YOUR TASK: Check each line of the entries below for the string "less" and state how many lines have it, with no other text.

MATERIAL FOR THIS TASK:
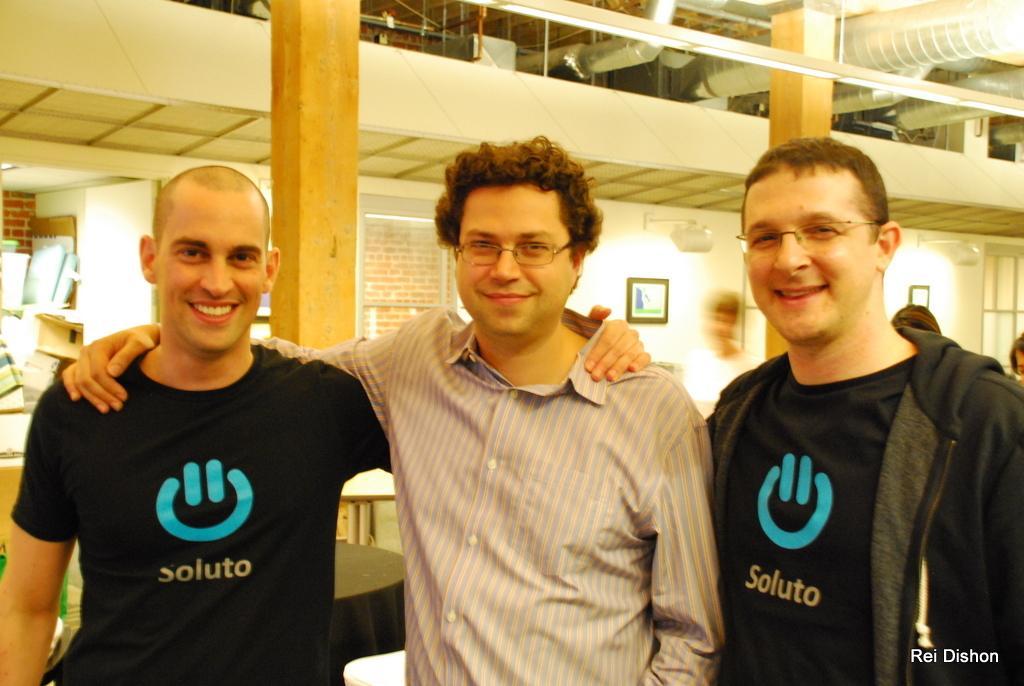How would you summarize this image in a sentence or two? In the picture we can see three men are standing together, holding each other and smiling and two men are wearing black T-shirts and one man is wearing a shirt and in the background, we can see some pillars and wall, on the wall we can see photo frames and some lights on the wall. 
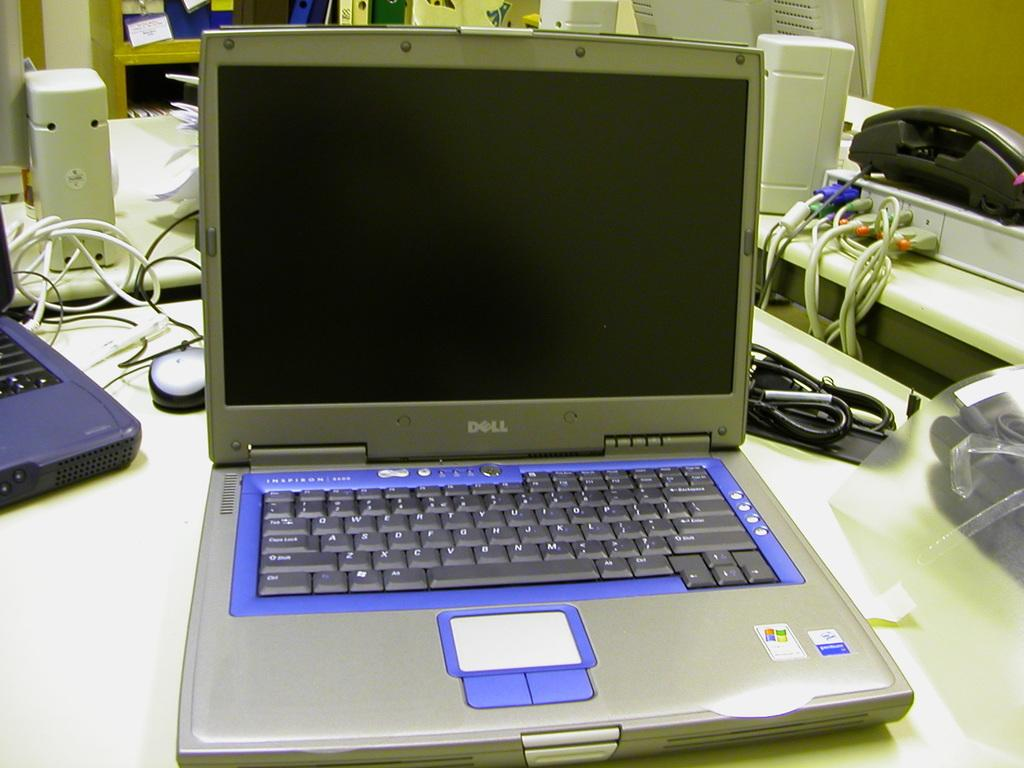What piece of furniture is present in the image? There is a table in the image. What electronic devices are on the table? There are laptops on the table. What else can be seen on the table besides laptops? There are wires and a telephone on the table, as well as other unspecified items. What type of picture is hanging on the wall behind the table in the image? There is no wall or picture visible in the image; it only shows a table with laptops, wires, a telephone, and other unspecified items. 
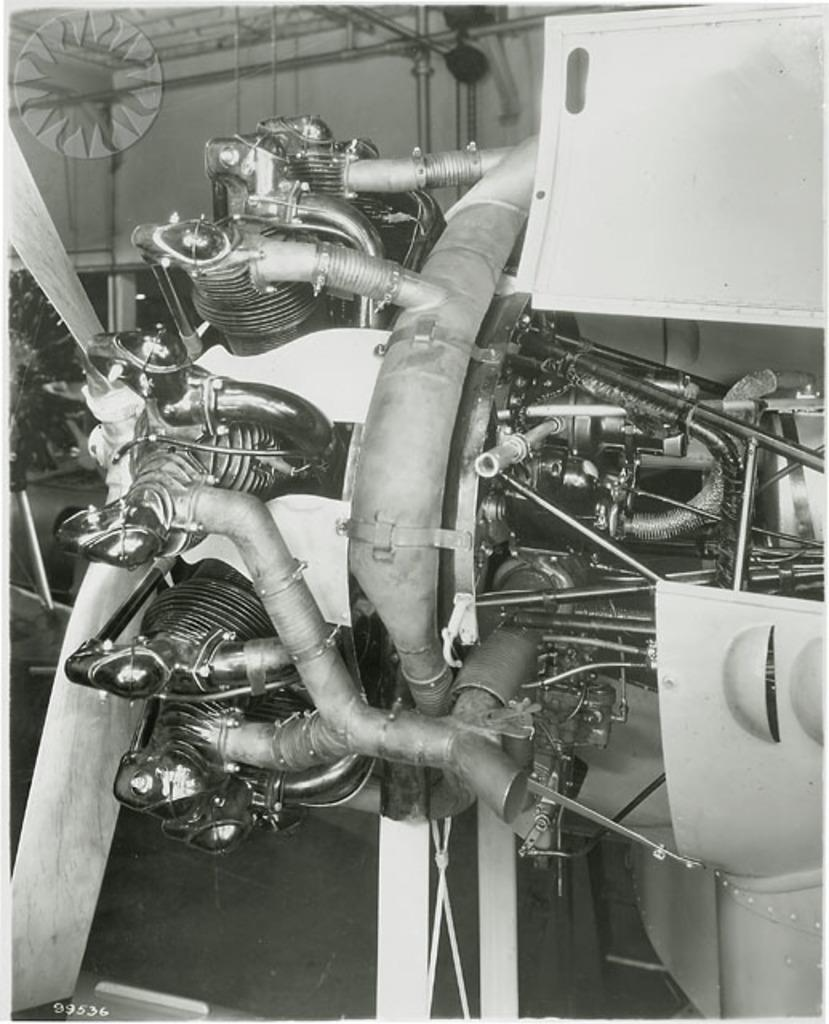What can be seen in the image? There is an object in the image. What is behind the object in the image? There is a wall behind the object. What is visible at the top of the image? There is a roof visible at the top of the image. What type of machine can be seen operating in the mine in the image? There is no machine or mine present in the image; it only features an object, a wall, and a roof. 
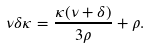<formula> <loc_0><loc_0><loc_500><loc_500>\nu \delta \kappa = \frac { \kappa ( \nu + \delta ) } { 3 \rho } + \rho .</formula> 
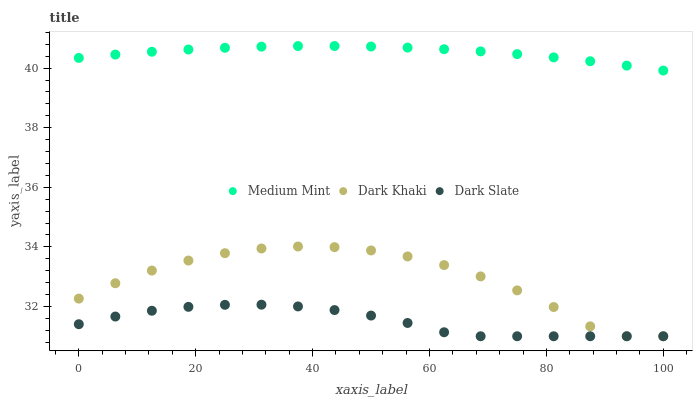Does Dark Slate have the minimum area under the curve?
Answer yes or no. Yes. Does Medium Mint have the maximum area under the curve?
Answer yes or no. Yes. Does Dark Khaki have the minimum area under the curve?
Answer yes or no. No. Does Dark Khaki have the maximum area under the curve?
Answer yes or no. No. Is Medium Mint the smoothest?
Answer yes or no. Yes. Is Dark Khaki the roughest?
Answer yes or no. Yes. Is Dark Slate the smoothest?
Answer yes or no. No. Is Dark Slate the roughest?
Answer yes or no. No. Does Dark Khaki have the lowest value?
Answer yes or no. Yes. Does Medium Mint have the highest value?
Answer yes or no. Yes. Does Dark Khaki have the highest value?
Answer yes or no. No. Is Dark Slate less than Medium Mint?
Answer yes or no. Yes. Is Medium Mint greater than Dark Khaki?
Answer yes or no. Yes. Does Dark Khaki intersect Dark Slate?
Answer yes or no. Yes. Is Dark Khaki less than Dark Slate?
Answer yes or no. No. Is Dark Khaki greater than Dark Slate?
Answer yes or no. No. Does Dark Slate intersect Medium Mint?
Answer yes or no. No. 
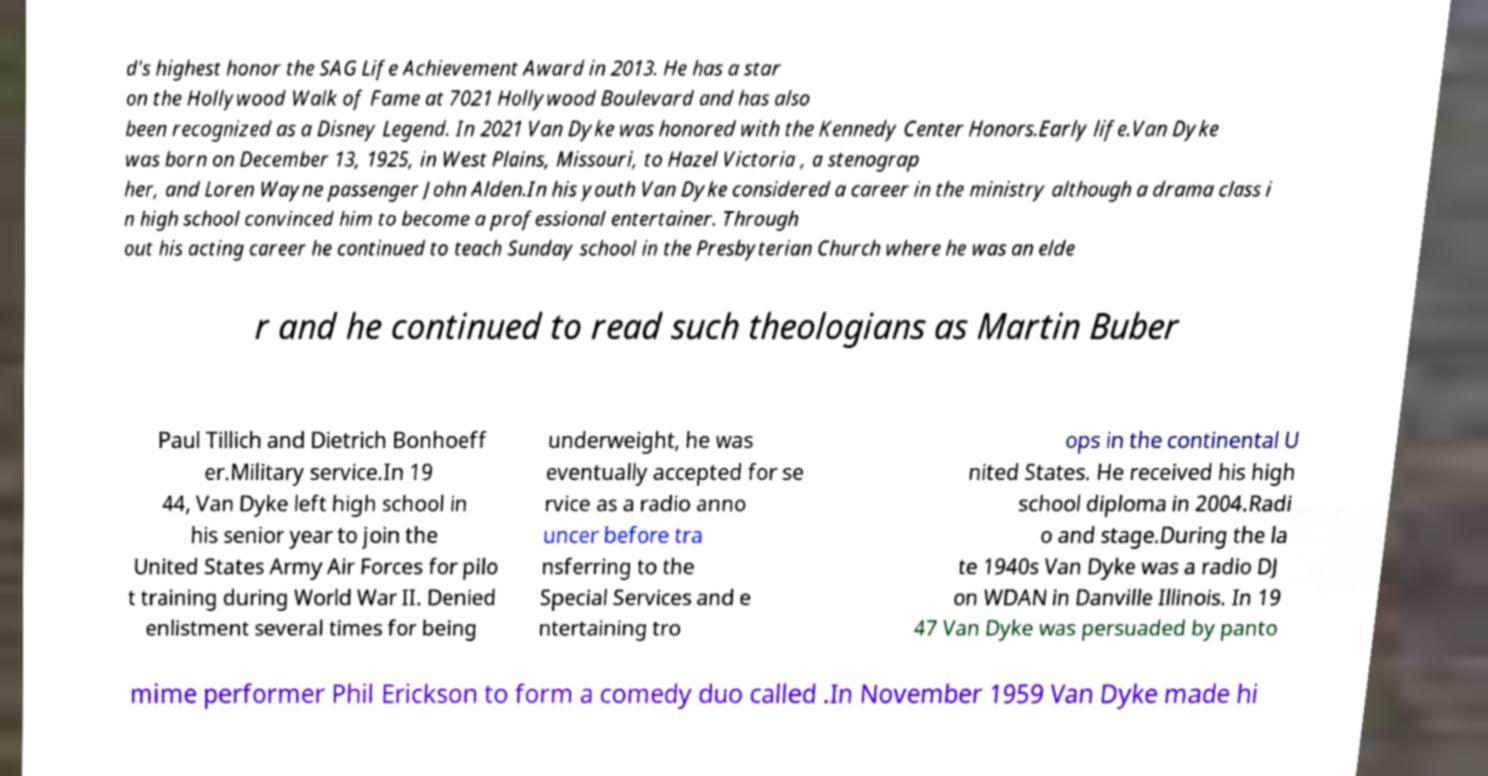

EXPECTED OUTPUT: 2